# What Features Exists on Pansat 5000 HC??????



## acvegas (Apr 21, 2004)

1. Does the NEW Pansat 5000HC – behave/perform like a regular “Tivo Machine” or better, or is this simply a “Hard Drive” that does nothing but records like a VCR?

2. Will the NEW Pansat 5000HC – allow you to “Pick” and “Choose” ANY Programs of your choice to record at a later time?

3. Will the NEW Pansat 5000HC – automatically record my Favorite Programs every week if I wish – just like a Tivo?

4. Is there Finally a valid working “Dish Network” program channel guide that you can actually load within the NEW Pansat 5000HC – that performs like a Tivo Schedule Guide…..if the answer is YES, is this Pansat 5000HC Schedule Guide – updated automatically within the unit itself?

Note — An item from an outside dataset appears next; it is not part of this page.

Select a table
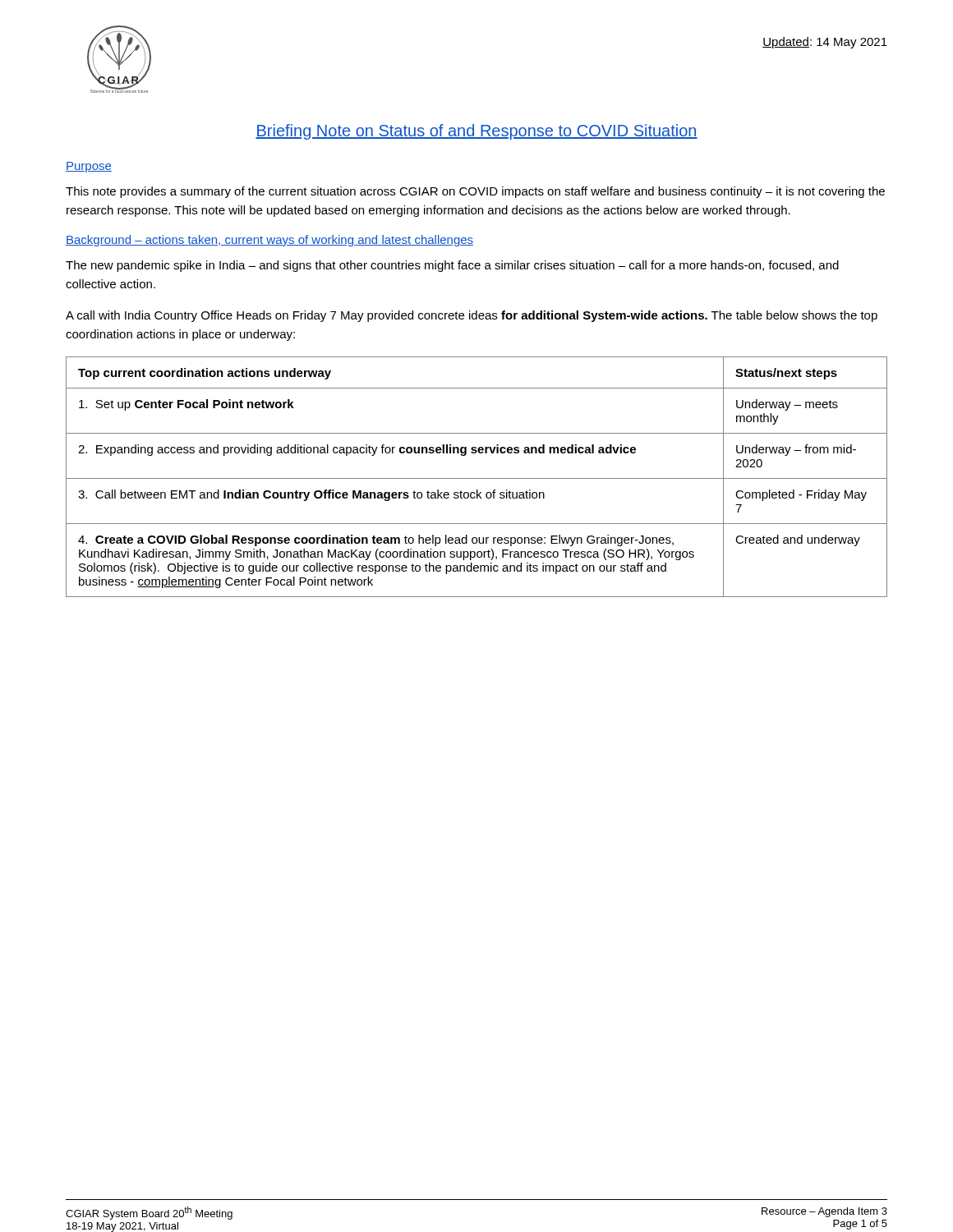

5. If the NEW Pansat 5000HC – does none of the above – what purpose does it serve?


----------



## FTA Michael (Jul 21, 2002)

I don't know much. Pansat says it has "Smart Search" and two tuners. http://www.pansatusa.com/product/receiver-5000HC.htm But I can always speculate...

In Europe, for example, FTA channels apparently include guide-type info. Perhaps the Pansat 5000HC takes advantage of that. In any case, it's of little help here in North America.

IF there is no Tivo-esque guide, it would still be useful in recording shows. Knowing that a particular saved show is "Pentagon Channel - 7pm 1/30/05" is a little better than nothing. Right now, I record through a standalone Tivo and have to find a matching show/length on a Dish Network channel (on the B side of an A/B switch). So a distant UPN's showing of Enterprise might show up on my Tivo as "All-Star Jams" or "Junkyard Wars" or some other misleading title. I'd rather have "KFDF - 6pm 1/28/05".

Finally, recording through a separate device degrades signal quality. The Pansat 5000HC _could_ be recording the raw information, keeping maximum signal quality intact.


----------